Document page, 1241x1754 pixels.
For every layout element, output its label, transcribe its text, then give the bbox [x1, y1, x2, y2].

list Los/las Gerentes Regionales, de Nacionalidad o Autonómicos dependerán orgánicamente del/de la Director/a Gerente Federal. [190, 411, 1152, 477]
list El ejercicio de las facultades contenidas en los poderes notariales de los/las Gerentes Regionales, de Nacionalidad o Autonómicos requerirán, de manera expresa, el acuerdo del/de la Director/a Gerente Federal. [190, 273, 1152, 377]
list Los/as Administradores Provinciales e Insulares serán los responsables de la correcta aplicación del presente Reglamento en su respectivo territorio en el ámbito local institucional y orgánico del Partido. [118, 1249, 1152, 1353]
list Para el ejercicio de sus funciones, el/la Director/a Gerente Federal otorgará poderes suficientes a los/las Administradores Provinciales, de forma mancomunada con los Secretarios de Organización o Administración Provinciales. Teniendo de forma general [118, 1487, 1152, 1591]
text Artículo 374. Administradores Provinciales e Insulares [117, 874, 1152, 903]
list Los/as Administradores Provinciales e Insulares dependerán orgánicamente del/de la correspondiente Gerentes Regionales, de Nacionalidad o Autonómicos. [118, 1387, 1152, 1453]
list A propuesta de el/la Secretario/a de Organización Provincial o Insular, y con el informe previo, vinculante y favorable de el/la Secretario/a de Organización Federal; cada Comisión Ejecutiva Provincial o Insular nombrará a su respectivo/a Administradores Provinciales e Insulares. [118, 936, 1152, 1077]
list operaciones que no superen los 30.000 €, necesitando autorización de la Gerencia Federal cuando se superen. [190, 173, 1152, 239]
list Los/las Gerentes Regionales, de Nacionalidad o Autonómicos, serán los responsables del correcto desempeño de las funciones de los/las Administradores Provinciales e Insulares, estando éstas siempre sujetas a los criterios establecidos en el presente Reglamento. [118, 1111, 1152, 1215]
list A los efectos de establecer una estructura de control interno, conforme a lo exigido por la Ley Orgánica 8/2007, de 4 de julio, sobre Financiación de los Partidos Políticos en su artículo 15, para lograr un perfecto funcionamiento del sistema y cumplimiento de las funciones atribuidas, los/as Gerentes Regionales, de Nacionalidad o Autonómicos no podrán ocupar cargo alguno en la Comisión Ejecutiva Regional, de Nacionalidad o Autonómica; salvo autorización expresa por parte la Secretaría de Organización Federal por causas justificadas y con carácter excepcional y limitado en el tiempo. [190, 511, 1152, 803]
◇ ◇ ◇ ◇ ◇
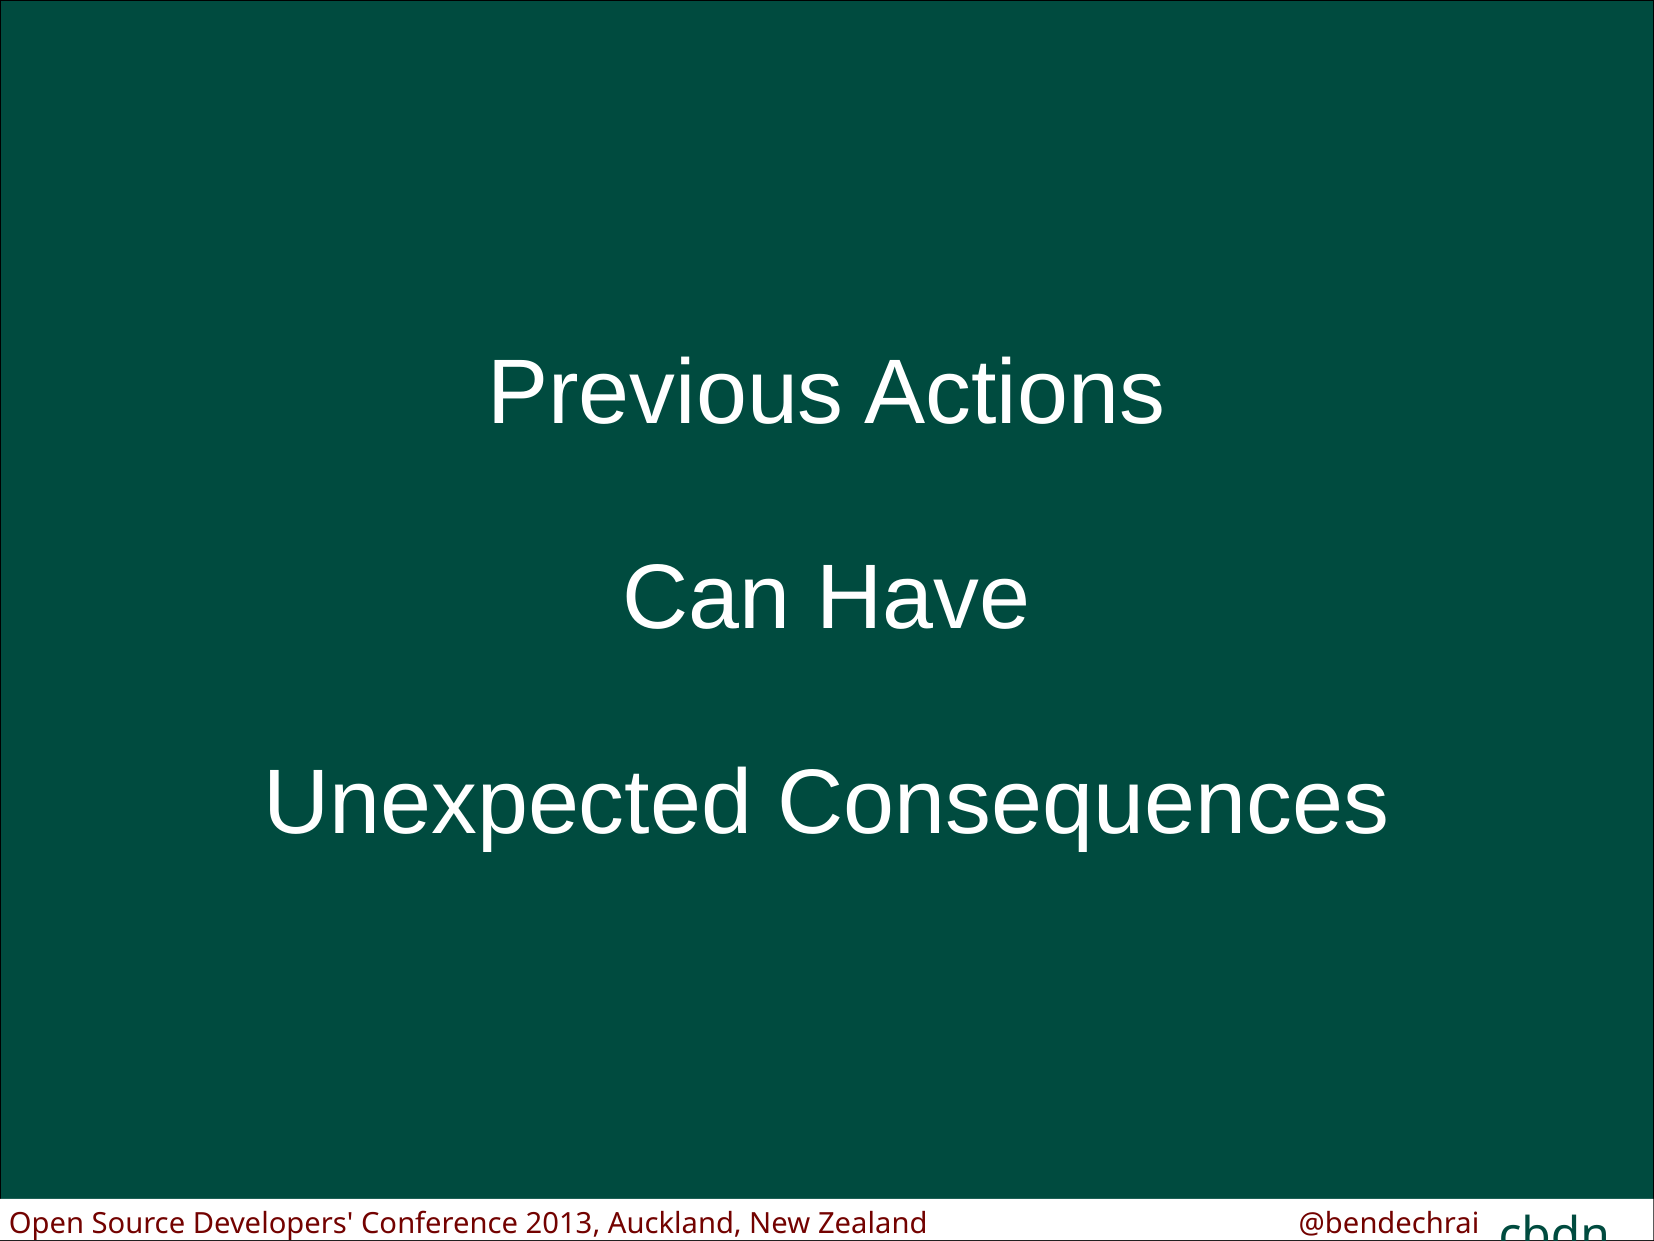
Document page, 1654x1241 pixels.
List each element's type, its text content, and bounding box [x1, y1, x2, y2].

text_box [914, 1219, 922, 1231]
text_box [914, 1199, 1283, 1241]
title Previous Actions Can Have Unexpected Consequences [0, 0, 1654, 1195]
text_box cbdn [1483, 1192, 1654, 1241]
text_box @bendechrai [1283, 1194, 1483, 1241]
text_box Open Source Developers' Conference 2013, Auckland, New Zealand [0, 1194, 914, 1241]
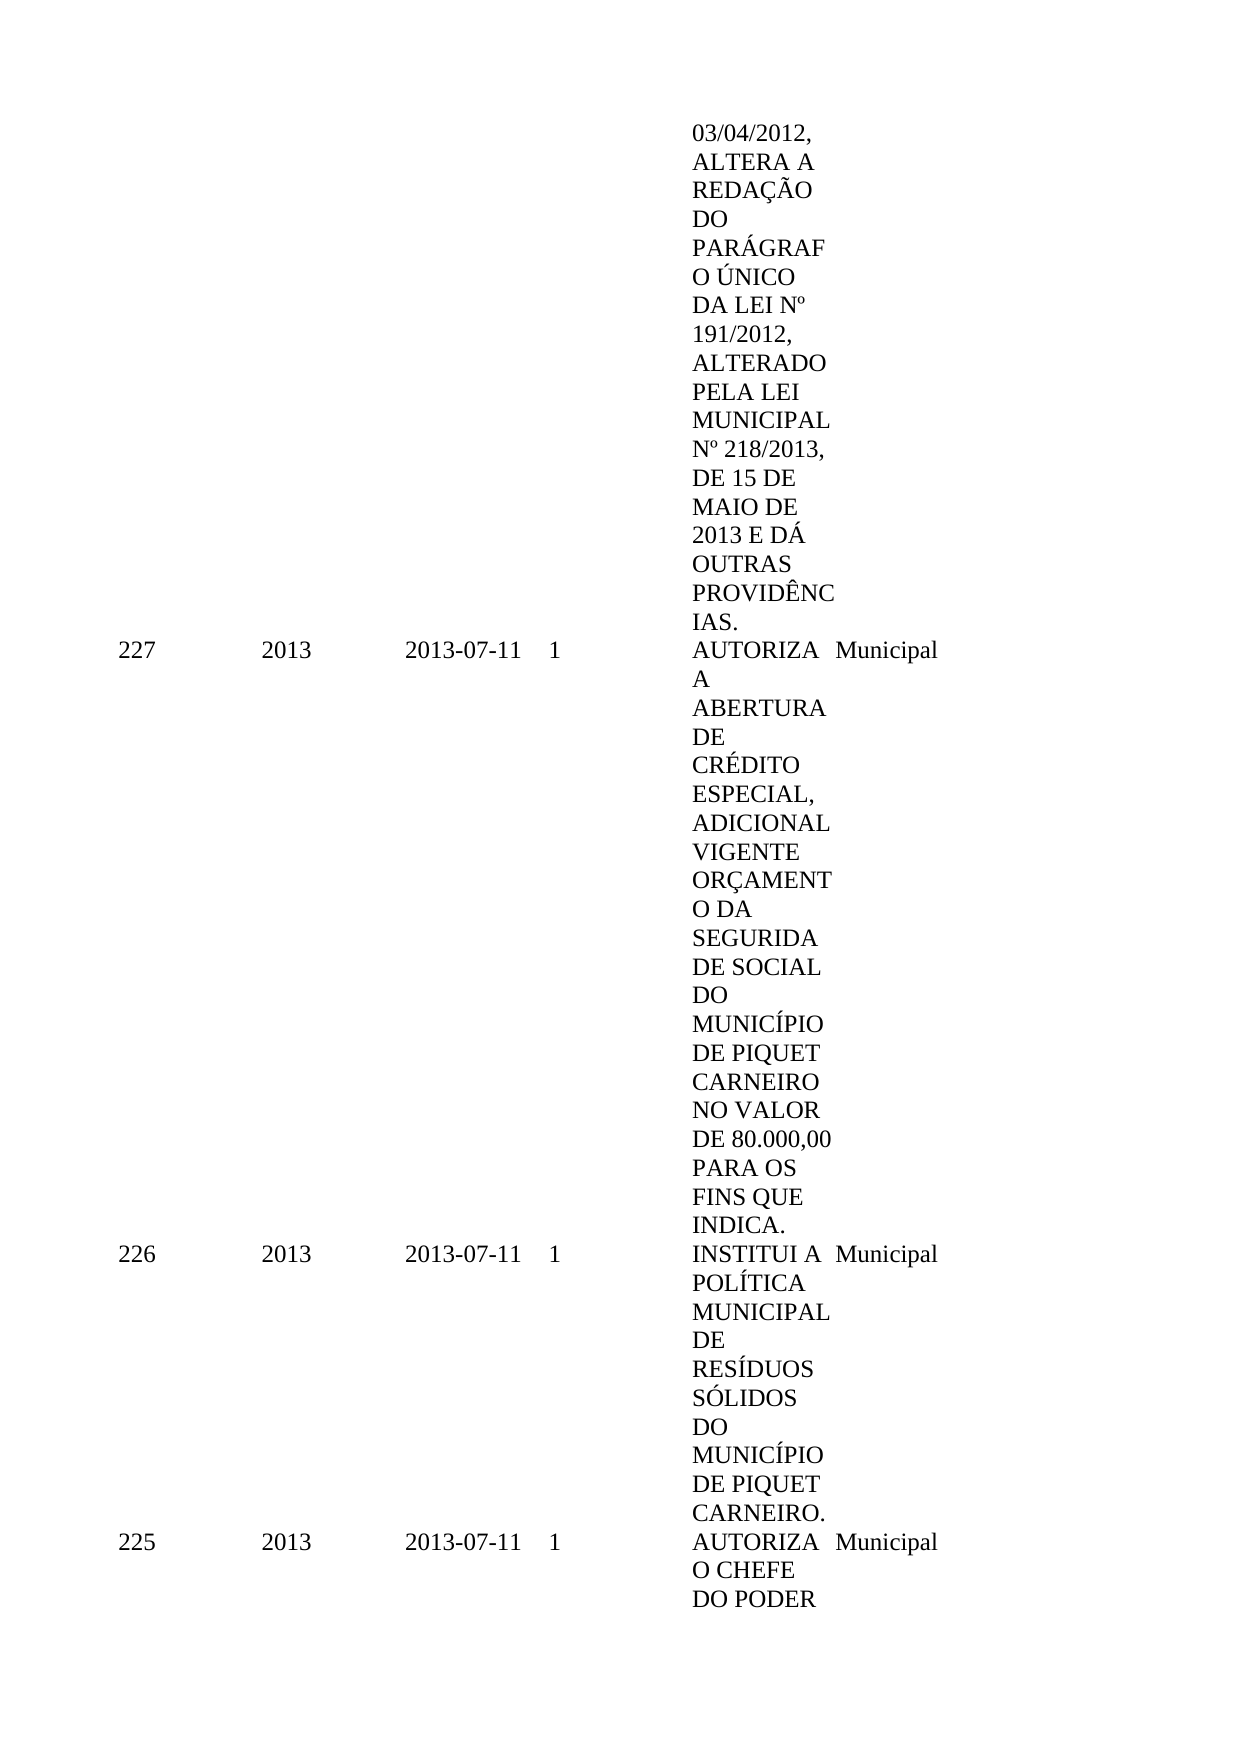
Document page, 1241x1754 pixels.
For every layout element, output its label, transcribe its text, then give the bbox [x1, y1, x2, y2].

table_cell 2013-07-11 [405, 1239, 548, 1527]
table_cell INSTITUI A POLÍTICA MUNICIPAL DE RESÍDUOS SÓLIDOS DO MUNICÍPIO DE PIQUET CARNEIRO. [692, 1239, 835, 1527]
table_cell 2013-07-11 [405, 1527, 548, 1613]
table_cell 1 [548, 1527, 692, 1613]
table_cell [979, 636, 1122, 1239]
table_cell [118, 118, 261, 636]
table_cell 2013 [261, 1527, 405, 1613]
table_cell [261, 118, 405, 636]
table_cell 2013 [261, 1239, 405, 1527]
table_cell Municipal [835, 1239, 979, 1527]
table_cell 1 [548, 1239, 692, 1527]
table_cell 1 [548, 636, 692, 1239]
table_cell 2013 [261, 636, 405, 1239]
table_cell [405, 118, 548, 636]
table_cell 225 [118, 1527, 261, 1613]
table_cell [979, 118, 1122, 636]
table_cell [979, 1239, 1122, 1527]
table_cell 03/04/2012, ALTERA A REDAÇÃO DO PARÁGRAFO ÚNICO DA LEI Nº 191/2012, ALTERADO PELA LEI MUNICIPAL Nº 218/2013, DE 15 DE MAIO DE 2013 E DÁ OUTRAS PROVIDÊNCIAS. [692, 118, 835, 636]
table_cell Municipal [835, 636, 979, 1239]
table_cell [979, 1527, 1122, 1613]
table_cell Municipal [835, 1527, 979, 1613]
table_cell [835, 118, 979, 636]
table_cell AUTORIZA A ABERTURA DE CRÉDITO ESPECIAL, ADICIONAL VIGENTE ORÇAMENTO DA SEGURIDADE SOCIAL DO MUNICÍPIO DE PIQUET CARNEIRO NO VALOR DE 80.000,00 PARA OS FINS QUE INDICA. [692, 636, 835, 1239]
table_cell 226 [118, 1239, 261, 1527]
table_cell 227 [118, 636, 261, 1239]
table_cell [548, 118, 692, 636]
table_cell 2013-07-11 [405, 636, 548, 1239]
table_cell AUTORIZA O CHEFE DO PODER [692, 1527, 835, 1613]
◇ ◇ ◇ ◇ ◇
» Task to carry out: Among the lines of the listing, count those holding the string "CARNEIRO" and reply with the count only.

» Answer box: 2